Göllersdorf ist eine der Einrichtungen, in denen psychisch kranke oder gefährliche Rechtsbrecher untergebracht werden. Rund 60 dieser Personen werden nach einer Novelle ab Herbst entlassen.

Foto: APA / HELMUT FOHRINGER

Wien – Seit dem 1. März gibt es offiziell keine "Anstalt für geistig abnorme Rechtsbrecher" mehr. Der Grund: ein Paket mit dem etwas sperrigen Titel "Maßnahmenvollzugsanpassungsgesetz 2022", das mit den Stimmen von ÖVP und Grünen im Nationalrat beschlossen worden ist. Der Sinn der im Justizministerium von Alma Zadić (Grüne) ausgearbeiteten Reform: Es sollen weniger Gesetzesbrecherinnen und Gesetzesbrecher auf unbestimmte Dauer weggesperrt werden können.

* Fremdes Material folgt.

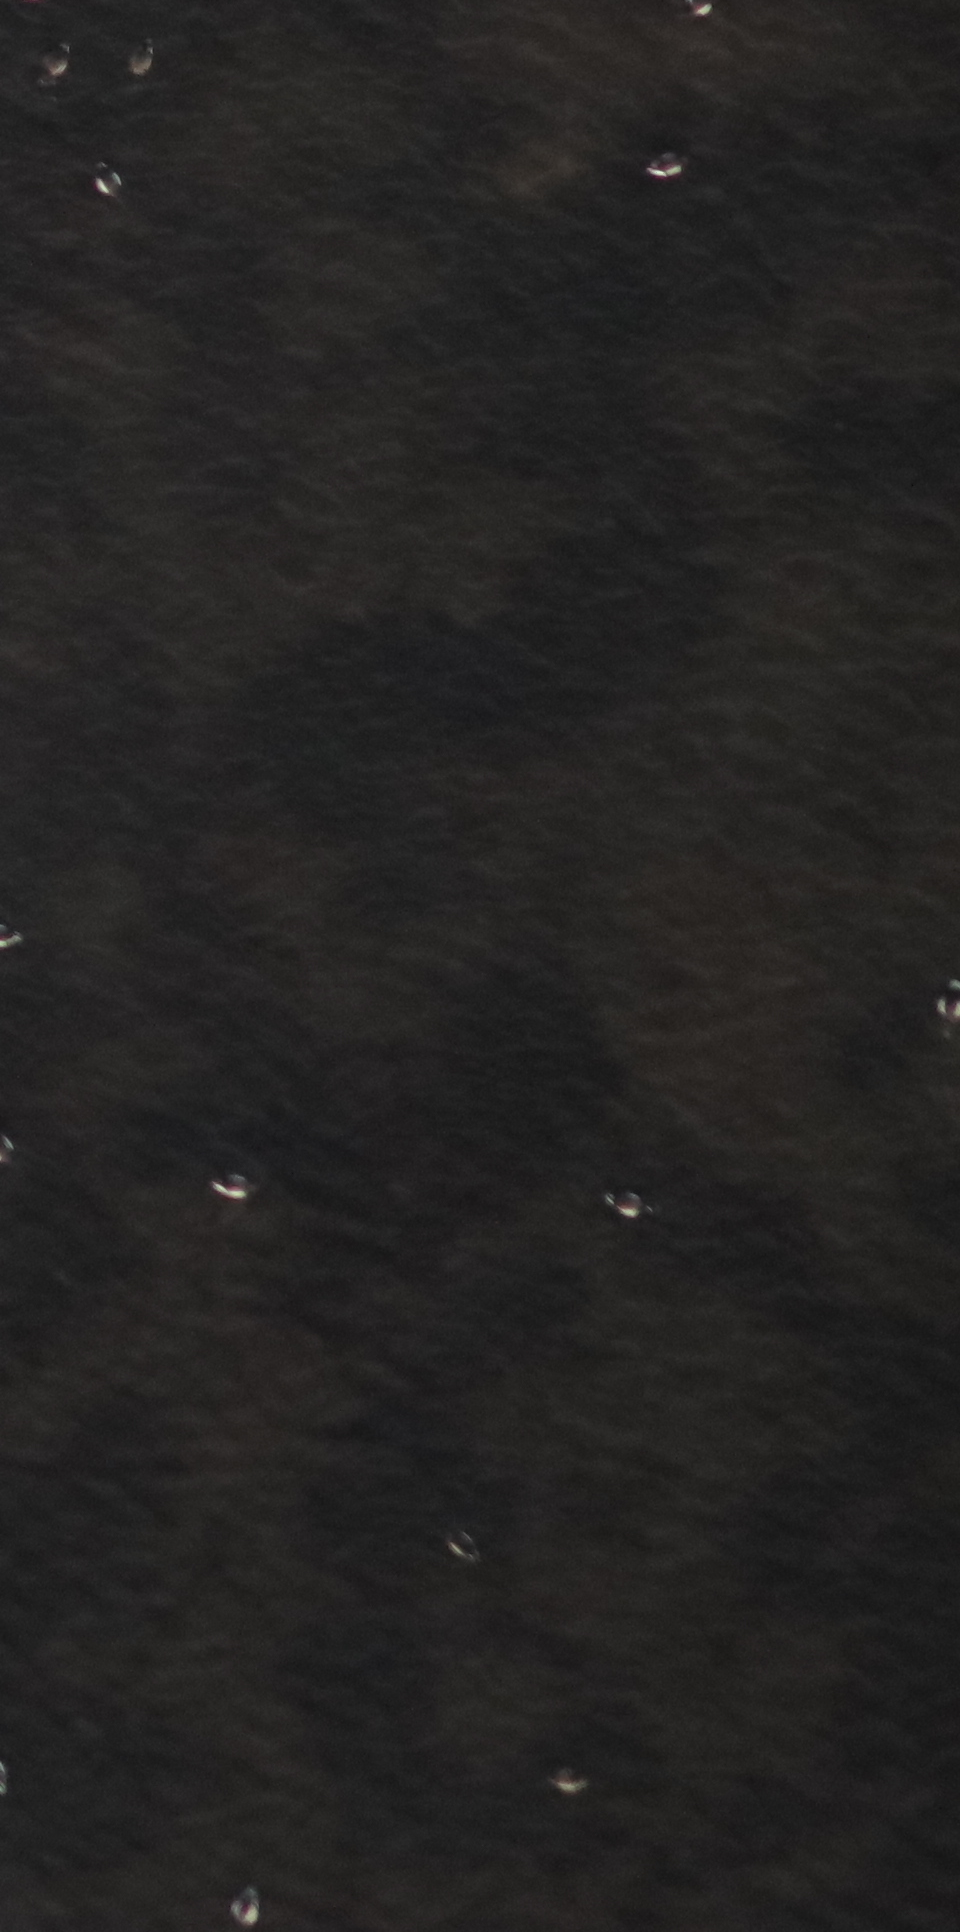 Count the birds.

10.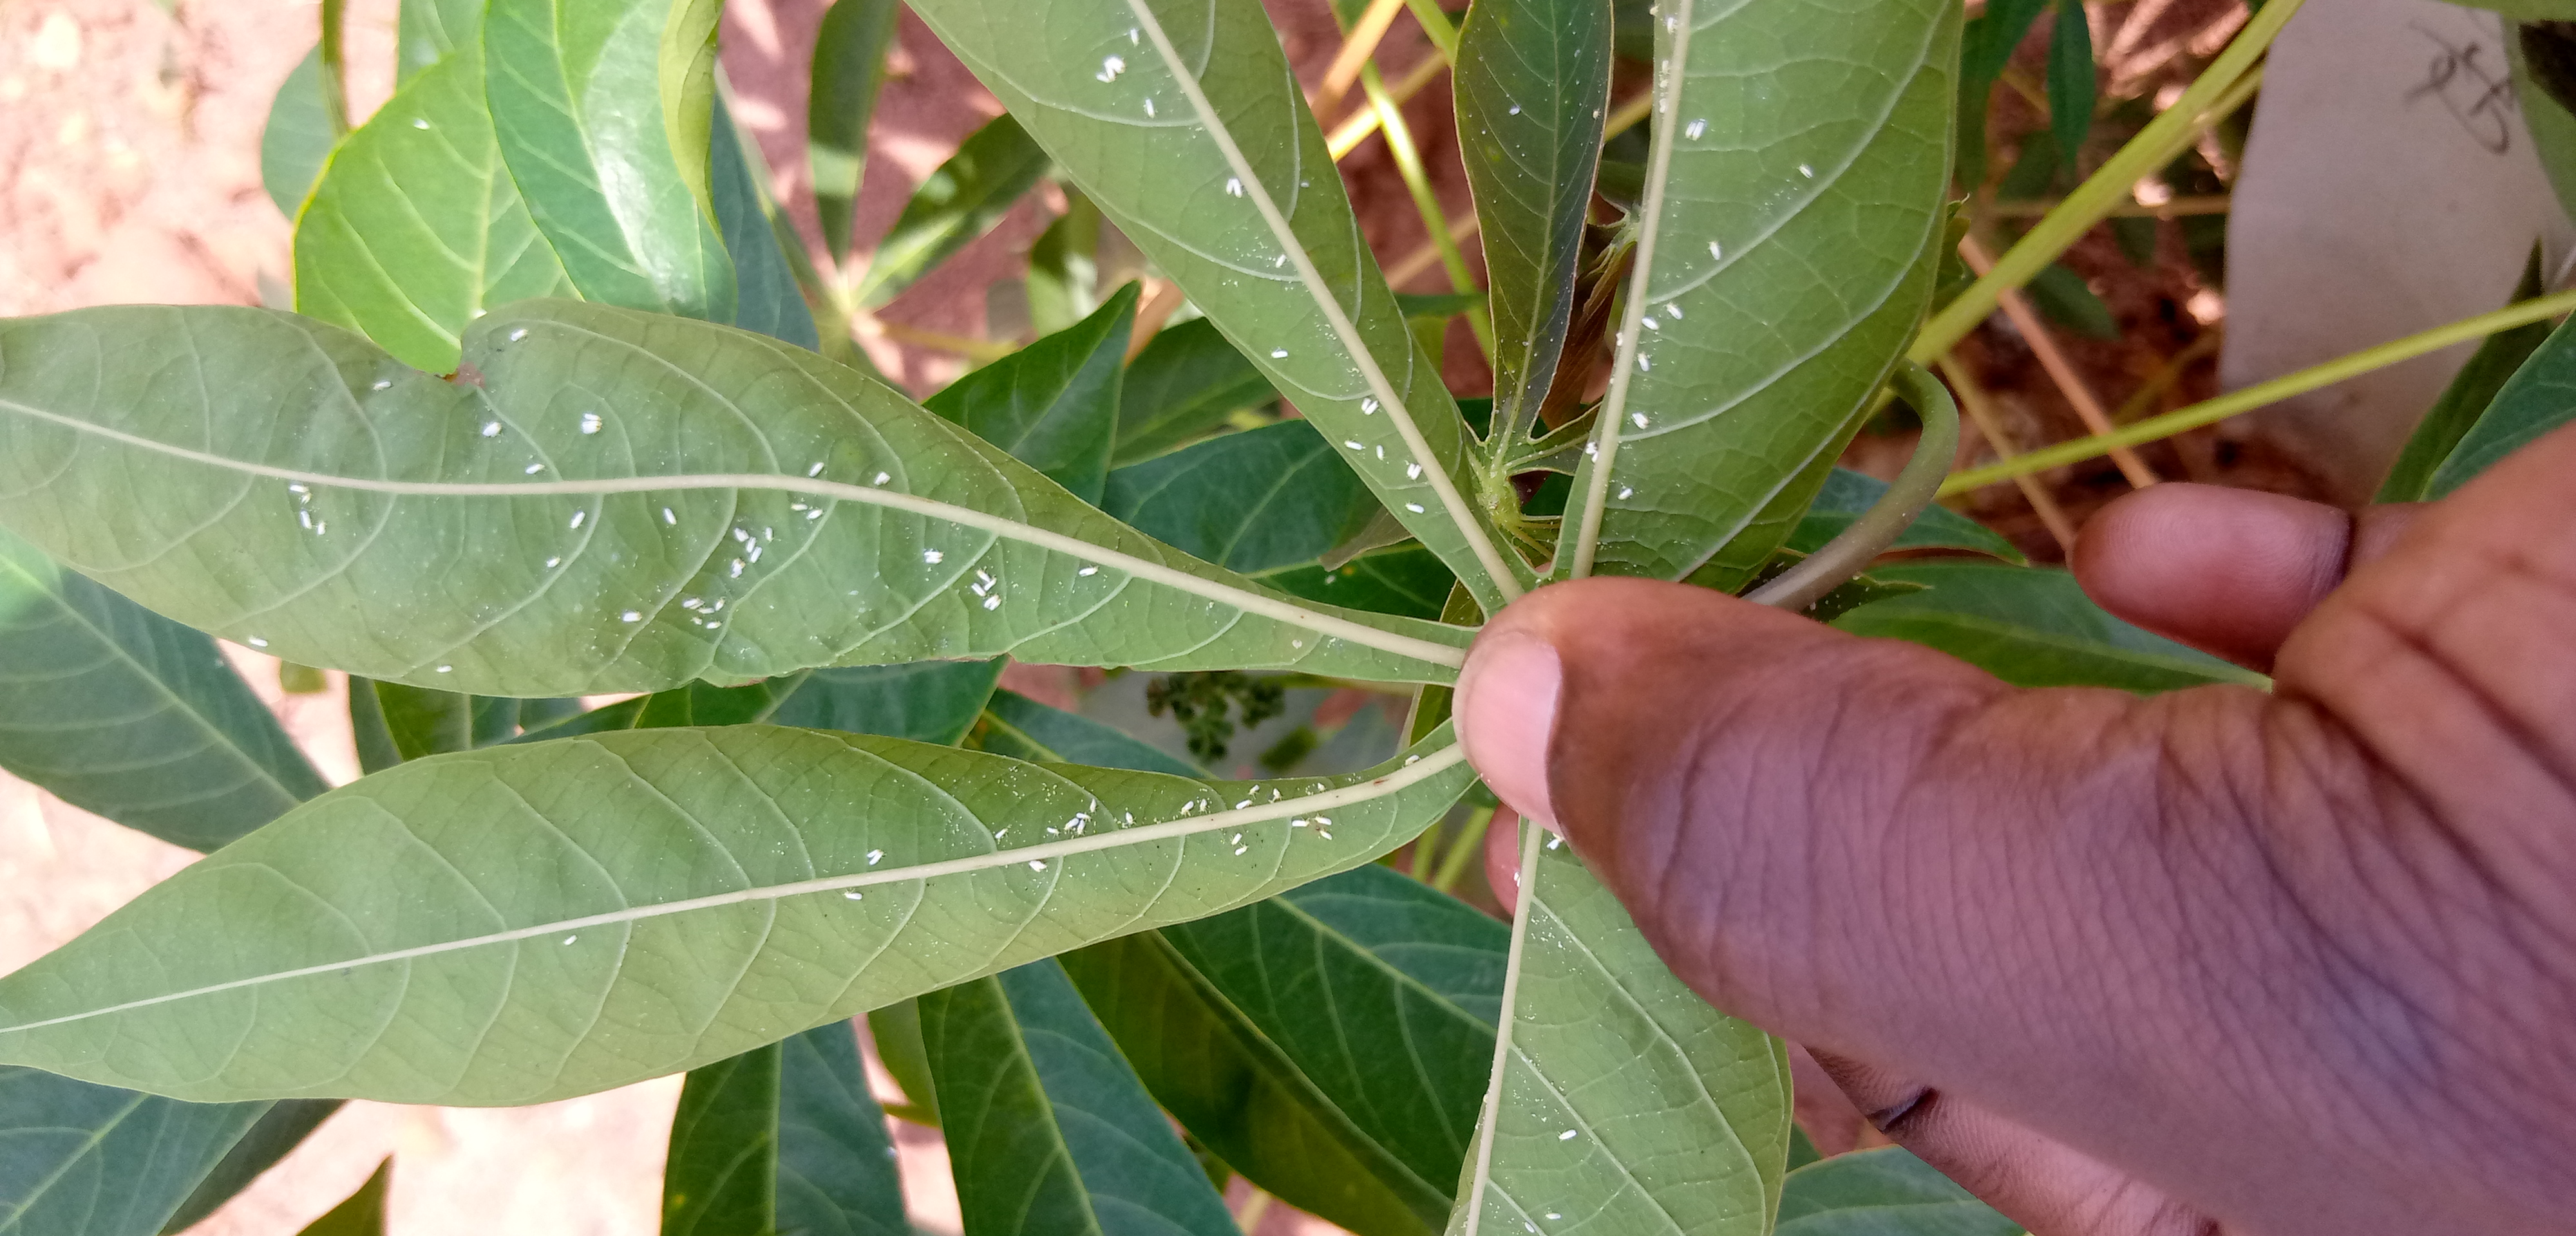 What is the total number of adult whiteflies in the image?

107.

Aus der "Anstalt für geistig abnorme Rechtsbrecher" wurde damit das "forensisch-therapeutische Zentrum". Und die Bedingungen für die sogenannte Anlasstat, die man begehen muss, um vom Gericht in einer derartigen Einrichtung untergebracht werden zu können, wurden teils deutlich erhöht. Personen unter 18 Jahren können seit der Reform erst bei Delikten mit Strafdrohungen über zehn Jahre Haft strafrechtlich untergebracht werden.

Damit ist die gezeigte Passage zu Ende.